My first goal for the summer, of course, is to write. My second goal is to make it through my ten year high school reunion unscathed. My third goal is to practice and master the Maine accent.
I mean, seriously. Enough is enough already. I've been here almost two full years now, and I still cannot replicate the accent on command. And if you're wondering how many times I'm suddenly asked to do the Maine accent, you'd probably be surprised: it's a lot. A lot. And I can't.
I'd say it took me two years to get the Minnesotan accent to sit in the back of my throat, and now when I'm back in New York, I pop into that accent every now and again to get a laugh because--can we face it? Let's just face it--there is nothing sillier sounding than the Minnesota accent. Even a Cockney accent has more clout. Someone speaking in a Cockney accent sounds like he's got his mouth full of cotton balls--maybe because he was just in a bar fight and got slugged on the jaw and then slugged someone else on his jaw and then all out pandemonium ensued. That's at least a little badass. There is nothing badass about the Minnesota accent.
Of course, it's difficult to slide into that accent if you haven't been speaking it your whole life, and I've always found it helpful to start off with one word I know will strike some kind of chord in my memory, and then I can prattle off sounding like someone's sweet grandma from "up nordt." Usually those words are as follows: oh (ohhhhhhhhhh), yeah (yahhhhhhhhhh), for (fer), or Megan (Maygin). That last one is in honor of my old roommate, who can do the Minnesota accent like no one's business. If I channel her, I'm all set.
Sometimes I start off with a whole phrase--usually the one that horrified me the most after I first heard one of my office mates utter it in complete sincerity. That phrase is oh fer cute, and it means, I guess, Wow! That's super cute! (I'm not kidding you. People actually use that phrase.) It's usually a crowd pleaser. Once, one of my friends took me aside and said, "Come on. You're exaggerating. They don't really say that." And I had to tell that girl to stop living in a dream world.
Anyway, it's those things that can easily slip me back into my finely-honed accent. And that's what I need to kick start my Maine accent. I need to find a word or phrase that's going to clang in my ear and command: Start talking like this, and do it now!

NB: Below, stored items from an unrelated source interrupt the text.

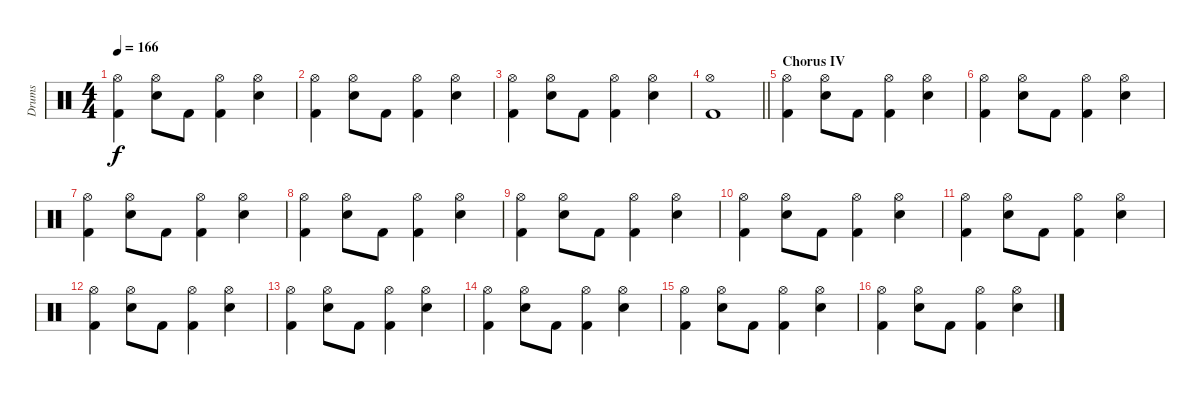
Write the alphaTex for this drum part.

\track ("Drums" "Drums") {instrument percussion}
\staff {score}
\articulation defaults
\ts (4 4)
\tempo 166
\clef neutral
\ks c
("Hi-Hat (open)" "Kick (hit) 2").4{dy f} ("Hi-Hat (open)" "Snare (hit) 2").8 "Kick (hit) 2".8 ("Hi-Hat (open)" "Kick (hit) 2").4 ("Hi-Hat (open)" "Snare (hit) 2").4 |
("Hi-Hat (open)" "Kick (hit) 2").4 ("Hi-Hat (open)" "Snare (hit) 2").8 "Kick (hit) 2".8 ("Hi-Hat (open)" "Kick (hit) 2").4 ("Hi-Hat (open)" "Snare (hit) 2").4 |
("Hi-Hat (open)" "Kick (hit) 2").4 ("Hi-Hat (open)" "Snare (hit) 2").8 "Kick (hit) 2".8 ("Hi-Hat (open)" "Kick (hit) 2").4 ("Hi-Hat (open)" "Snare (hit) 2").4 |
\barLineRight lightlight
("Hi-Hat (open)" "Kick (hit) 2").1 |
\section ("" "Chorus IV")
("Hi-Hat (open)" "Kick (hit) 2").4 ("Hi-Hat (open)" "Snare (hit) 2").8 "Kick (hit) 2".8 ("Hi-Hat (open)" "Kick (hit) 2").4 ("Hi-Hat (open)" "Snare (hit) 2").4 |
("Hi-Hat (open)" "Kick (hit) 2").4 ("Hi-Hat (open)" "Snare (hit) 2").8 "Kick (hit) 2".8 ("Hi-Hat (open)" "Kick (hit) 2").4 ("Hi-Hat (open)" "Snare (hit) 2").4 |
("Hi-Hat (open)" "Kick (hit) 2").4 ("Hi-Hat (open)" "Snare (hit) 2").8 "Kick (hit) 2".8 ("Hi-Hat (open)" "Kick (hit) 2").4 ("Hi-Hat (open)" "Snare (hit) 2").4 |
("Hi-Hat (open)" "Kick (hit) 2").4 ("Hi-Hat (open)" "Snare (hit) 2").8 "Kick (hit) 2".8 ("Hi-Hat (open)" "Kick (hit) 2").4 ("Hi-Hat (open)" "Snare (hit) 2").4 |
("Hi-Hat (open)" "Kick (hit) 2").4 ("Hi-Hat (open)" "Snare (hit) 2").8 "Kick (hit) 2".8 ("Hi-Hat (open)" "Kick (hit) 2").4 ("Hi-Hat (open)" "Snare (hit) 2").4 |
("Hi-Hat (open)" "Kick (hit) 2").4 ("Hi-Hat (open)" "Snare (hit) 2").8 "Kick (hit) 2".8 ("Hi-Hat (open)" "Kick (hit) 2").4 ("Hi-Hat (open)" "Snare (hit) 2").4 |
("Hi-Hat (open)" "Kick (hit) 2").4 ("Hi-Hat (open)" "Snare (hit) 2").8 "Kick (hit) 2".8 ("Hi-Hat (open)" "Kick (hit) 2").4 ("Hi-Hat (open)" "Snare (hit) 2").4 |
("Hi-Hat (open)" "Kick (hit) 2").4 ("Hi-Hat (open)" "Snare (hit) 2").8 "Kick (hit) 2".8 ("Hi-Hat (open)" "Kick (hit) 2").4 ("Hi-Hat (open)" "Snare (hit) 2").4 |
("Hi-Hat (open)" "Kick (hit) 2").4 ("Hi-Hat (open)" "Snare (hit) 2").8 "Kick (hit) 2".8 ("Hi-Hat (open)" "Kick (hit) 2").4 ("Hi-Hat (open)" "Snare (hit) 2").4 |
("Hi-Hat (open)" "Kick (hit) 2").4 ("Hi-Hat (open)" "Snare (hit) 2").8 "Kick (hit) 2".8 ("Hi-Hat (open)" "Kick (hit) 2").4 ("Hi-Hat (open)" "Snare (hit) 2").4 |
("Hi-Hat (open)" "Kick (hit) 2").4 ("Hi-Hat (open)" "Snare (hit) 2").8 "Kick (hit) 2".8 ("Hi-Hat (open)" "Kick (hit) 2").4 ("Hi-Hat (open)" "Snare (hit) 2").4 |
("Hi-Hat (open)" "Kick (hit) 2").4 ("Hi-Hat (open)" "Snare (hit) 2").8 "Kick (hit) 2".8 ("Hi-Hat (open)" "Kick (hit) 2").4 ("Hi-Hat (open)" "Snare (hit) 2").4
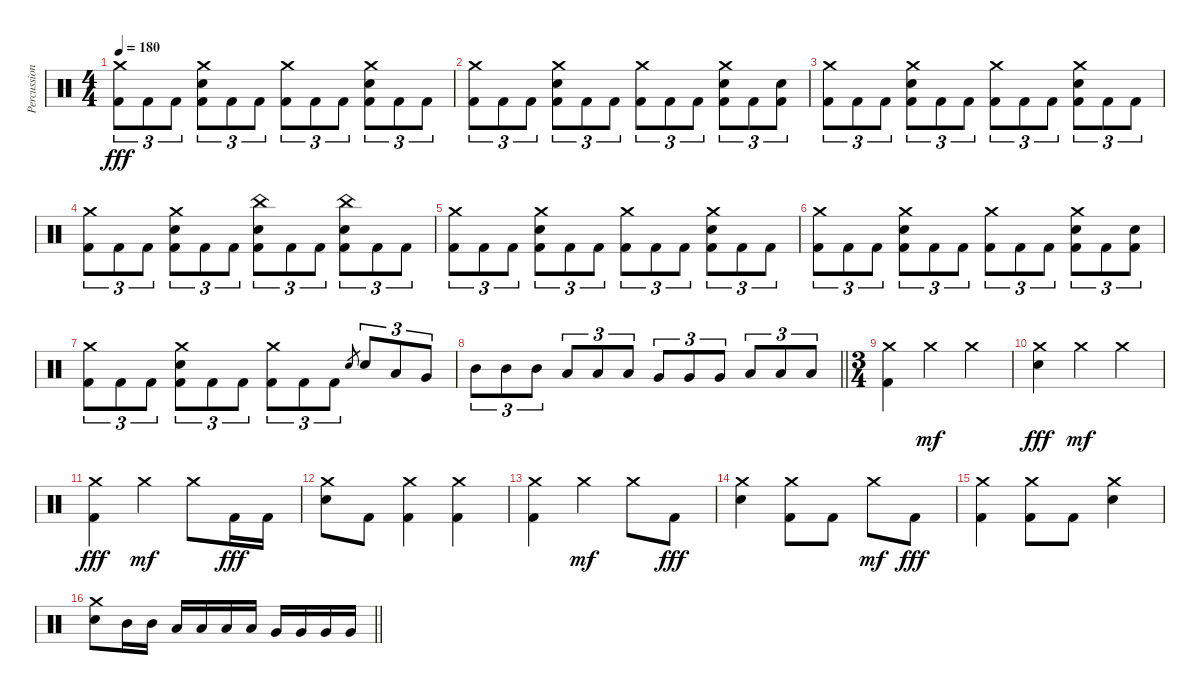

For a while I thought it was going to be forty (fawty) or the classic Maine affirmation (ah-yup), but neither of those do it for me. Neither of those push me into an a-ha! moment, where suddenly I am dropping phrases and vowel sounds from my mouth in a way they'd never normally come out.
For those of you who don't know, the Maine accent is essentially Boston-ese but perhaps a bit crustier, a bit rougher, a bit more hick-ish, and then made even odder by Maine's insistence on bastardizing French words and sounds. Sometimes the things that fall out of people's mouths up here take my breath away.
But I think what I'm going to start practicing with this summer is the word "brother." The way guys from Boston say "brother" is "brutha," and that's the way some of my students--the students with thick Maine accents--say it, too. And I can do brother/brutha pretty good. I can say Whutcha doin' brutha and pull of a decent accent. So now I think I have to make careful note of more odd phrases and phrasing, more odd pronunciations to get it just right. But I'm betting that this time next year, if you asked me to spontaneously produce the Maine accent, I'll look at you, smile, and say, "Absolutely, brutha!" And then I'll be off with wicked-this and wicked-that and fawty mah days and ayup, that lobstah's got a pretty wicked pincha on him! And it will be spectacular.
4 comments:
Try "Bobby" and "Sox."
I went to college in Boston and had a roommate from Cape Elizabeth for 3 years...
If it makes you feel any better, I've lived in Maine my entire life and cannot produce a Maine accent on command.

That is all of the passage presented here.